Here’s the thing about crowdsourced security testing – it’s brilliant for finding edge cases that automated tools miss, but it can be slow and expensive. Meanwhile, automated tools are great for catching low-hanging fruit quickly but often miss complex vulnerabilities. So what happens when you combine them? Basically, Bugcrowd is betting that Mayhem’s continuous automated testing can handle the routine stuff while their human researchers focus on the really tricky security holes.

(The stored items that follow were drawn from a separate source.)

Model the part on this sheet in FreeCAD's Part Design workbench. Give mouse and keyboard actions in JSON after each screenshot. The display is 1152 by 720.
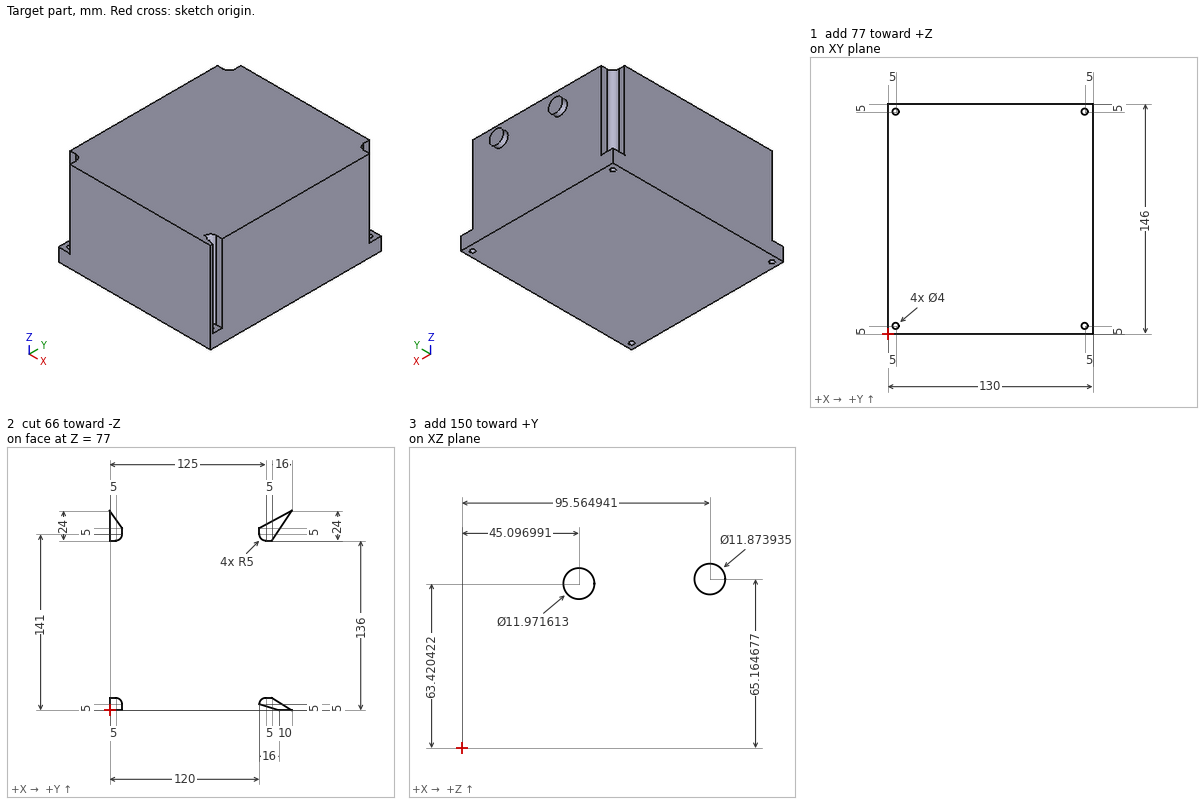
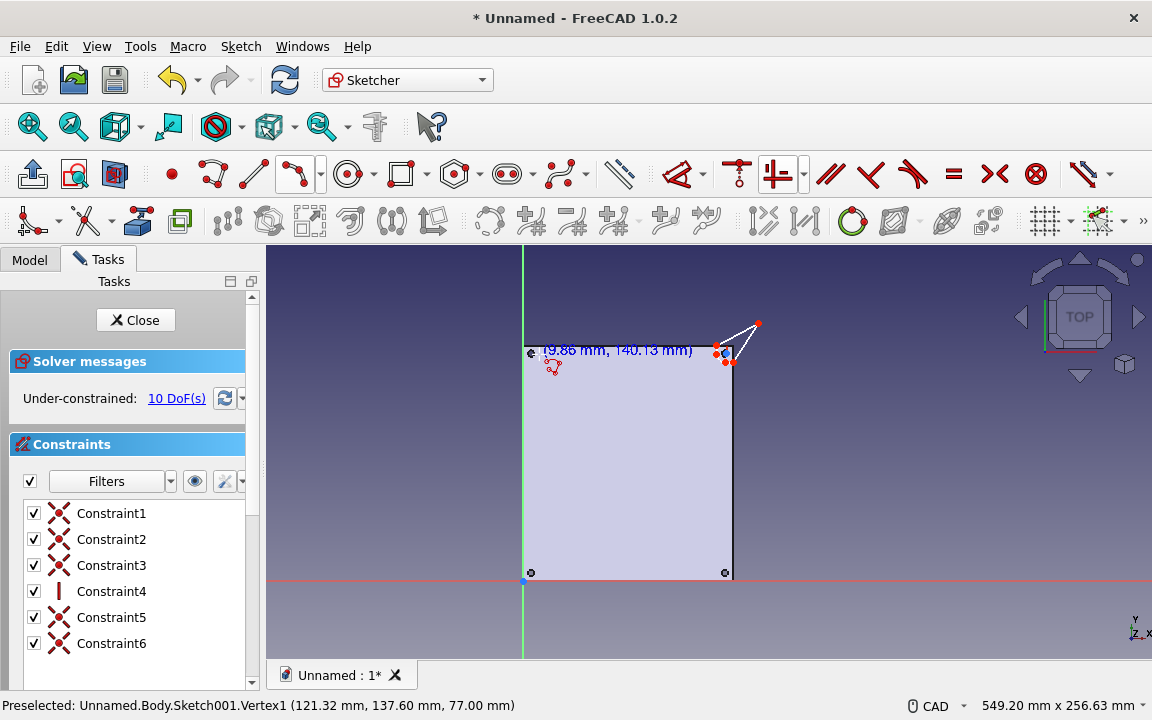
{"action": "scroll", "coordinate": [539, 346], "scroll_direction": "up", "scroll_amount": 4}
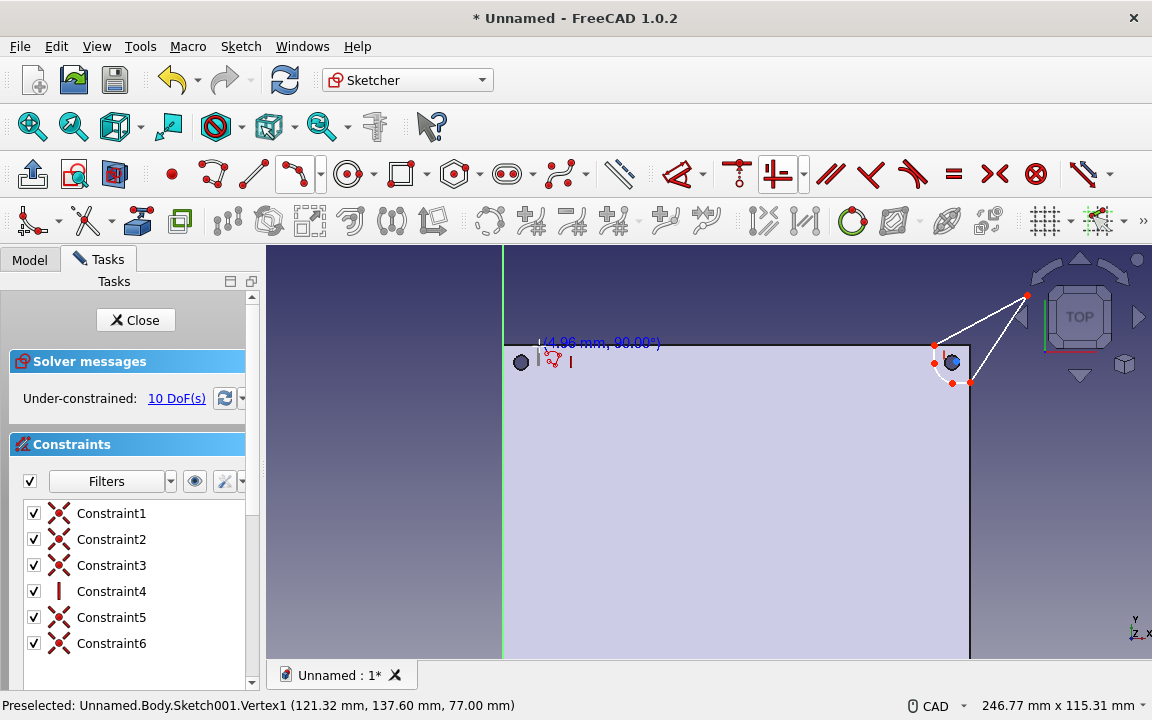
{"action": "left_click", "coordinate": [539, 345]}
{"action": "left_click", "coordinate": [503, 294]}
{"action": "left_click", "coordinate": [512, 381]}
{"action": "left_click", "coordinate": [521, 381]}
{"action": "right_click", "coordinate": [521, 381]}
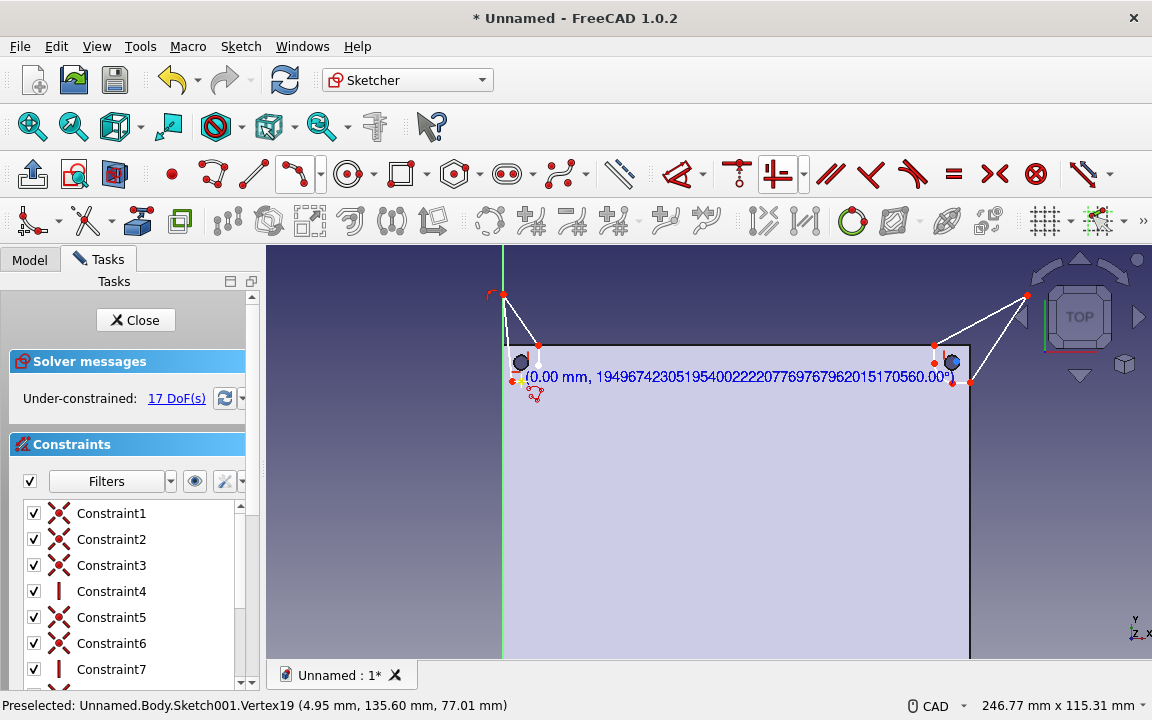
{"action": "left_click", "coordinate": [294, 174]}
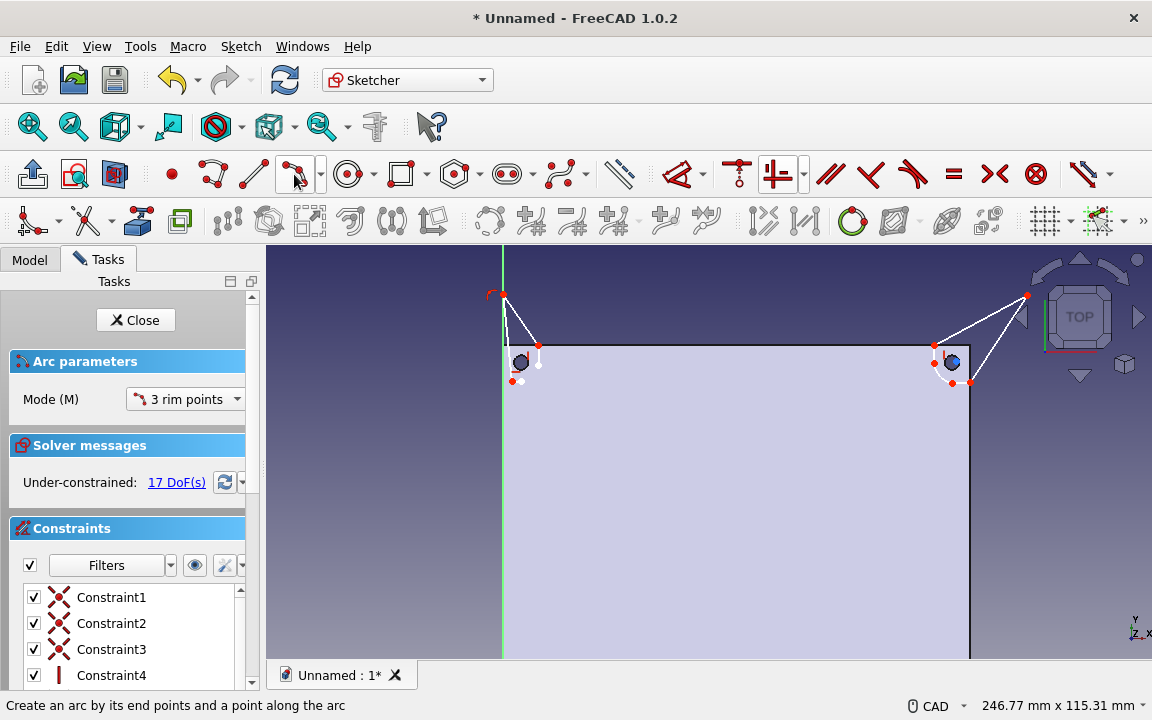
{"action": "scroll", "coordinate": [521, 381], "scroll_direction": "up", "scroll_amount": 3}
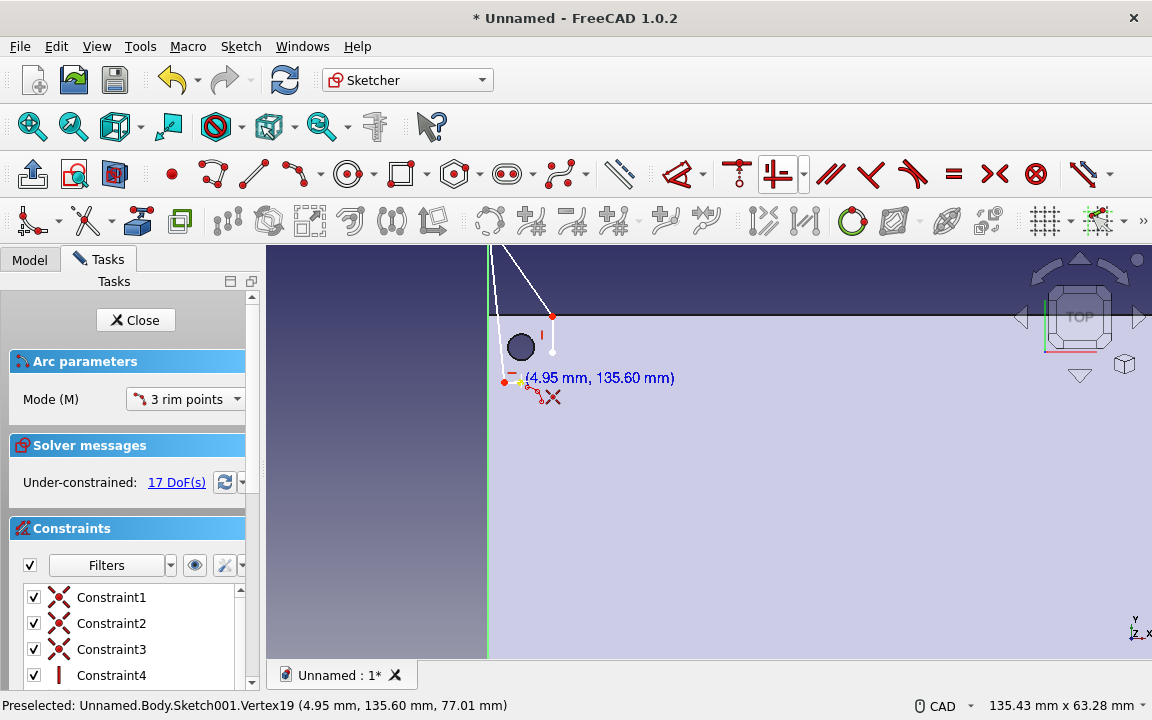
{"action": "left_click", "coordinate": [521, 383]}
{"action": "left_click", "coordinate": [553, 353]}
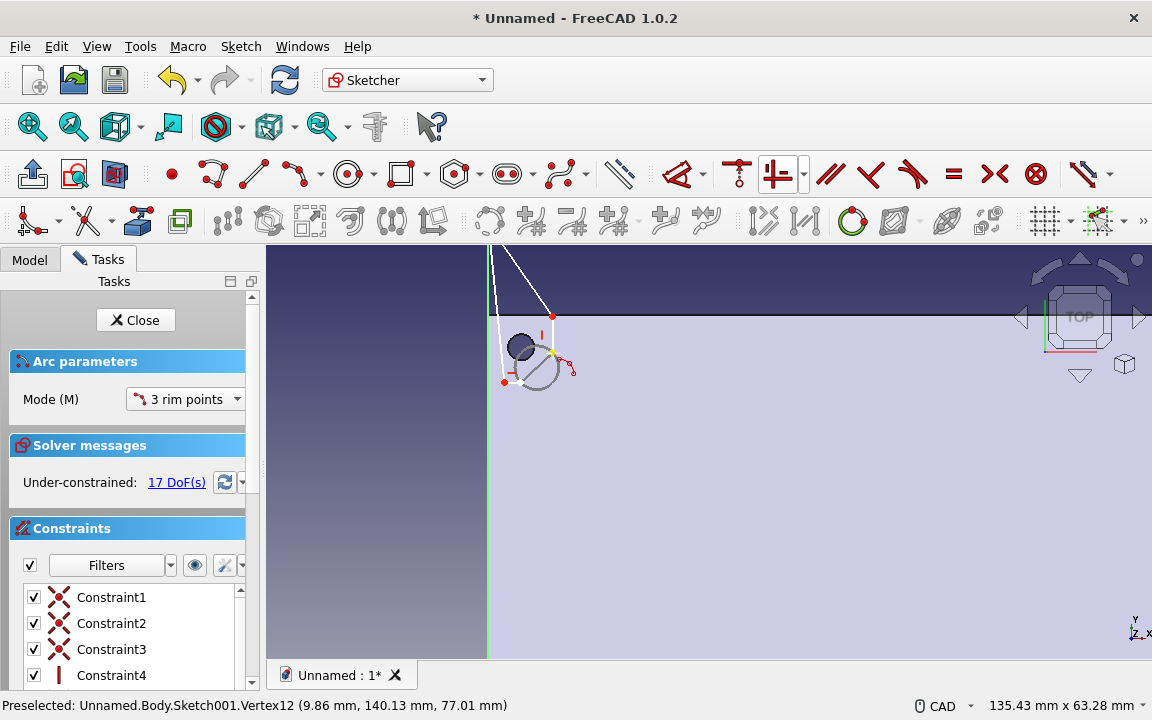
{"action": "scroll", "coordinate": [544, 370], "scroll_direction": "up", "scroll_amount": 3}
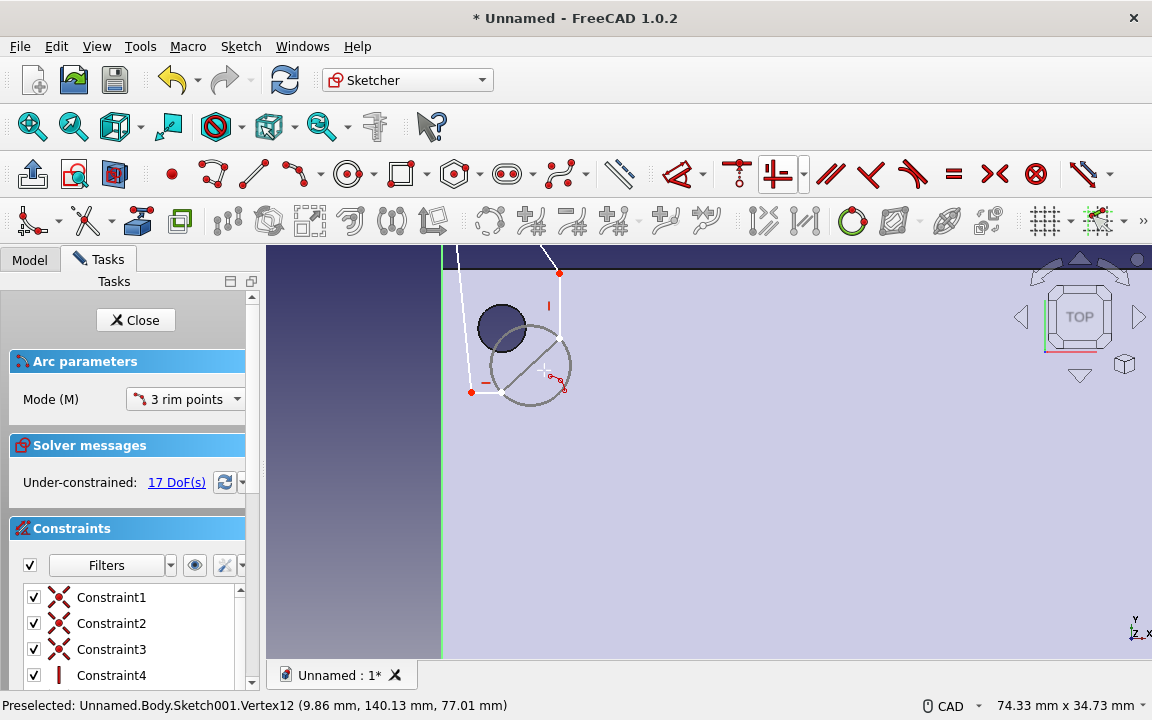
{"action": "left_click", "coordinate": [544, 370]}
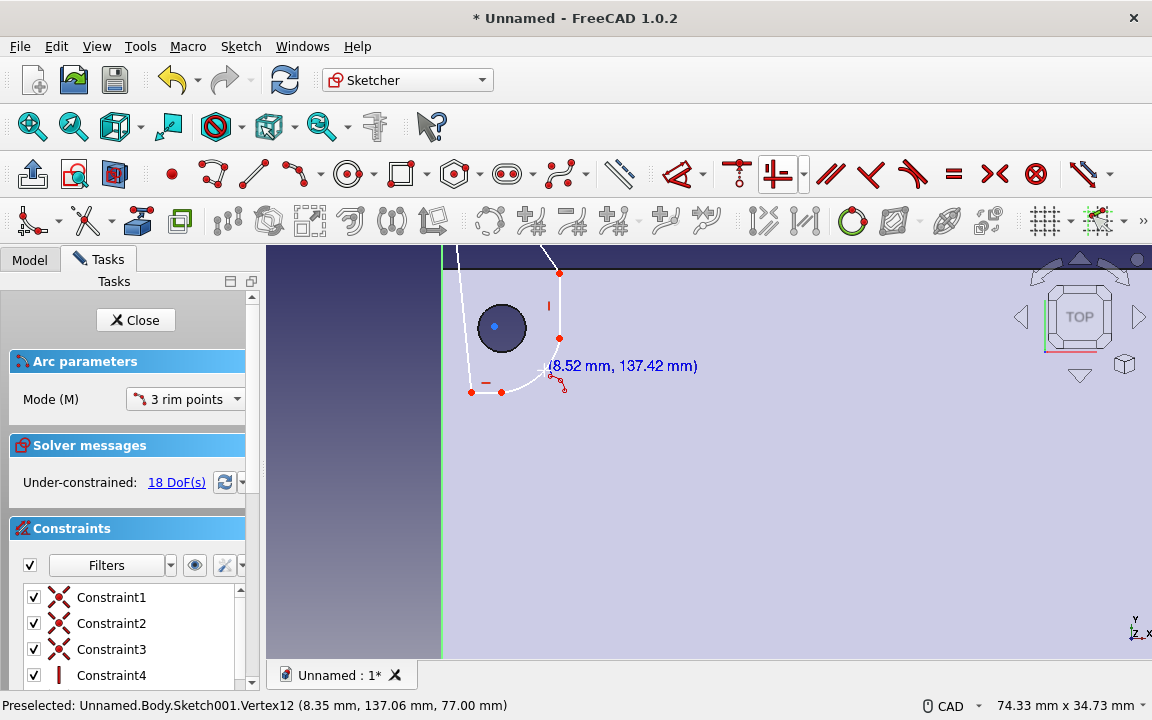
{"action": "left_click", "coordinate": [213, 174]}

But can automation really replace human creativity in finding vulnerabilities? That’s the billion-dollar question. Mayhem’s approach uses AI to simulate attacks and find weaknesses automatically, which sounds great in theory. The challenge is that sophisticated attackers are constantly evolving their techniques, and automated systems sometimes struggle to keep up with novel attack vectors.

The funding backstory

Mayhem Security’s $36 million in funding history tells you something important – this isn’t some lightweight startup. They’ve been around since 2012, back when they were called ForAllSecure, and that Series B round in 2022 from heavy hitters like New Enterprise Associates and Koch Disruptive Technologies suggests investors saw real potential in their technology. Now they’re getting acquired rather than raising another round, which makes you wonder about the market for standalone automated security testing tools.

Look, the security testing space is getting crowded, and companies are looking for platforms that can do everything. Bugcrowd’s been on a bit of an acquisition spree lately – they picked up Informer last year for attack surface management, and now they’re adding automated testing. They’re basically building a one-stop shop for security testing, and that’s probably where the market’s heading.

What this actually means for security teams

For security teams drowning in vulnerability reports, this could be a game-changer. Imagine having automated tools constantly scanning your APIs and code while human experts handle the complex stuff. The promise is faster vulnerability remediation without breaking the bank. But there’s always a trade-off – more automation means you’re trusting machines to find security holes, and we’ve all seen how that can go wrong.

The real test will be how well Bugcrowd integrates Mayhem’s technology with their existing platform. Acquisitions in tech often look great on paper but stumble during integration. If they can actually deliver on that “adaptive security platform” promise, it could change how companies approach application security. But that’s a big if – we’ve heard similar promises before, and the security industry is littered with acquisitions that never quite lived up to the hype.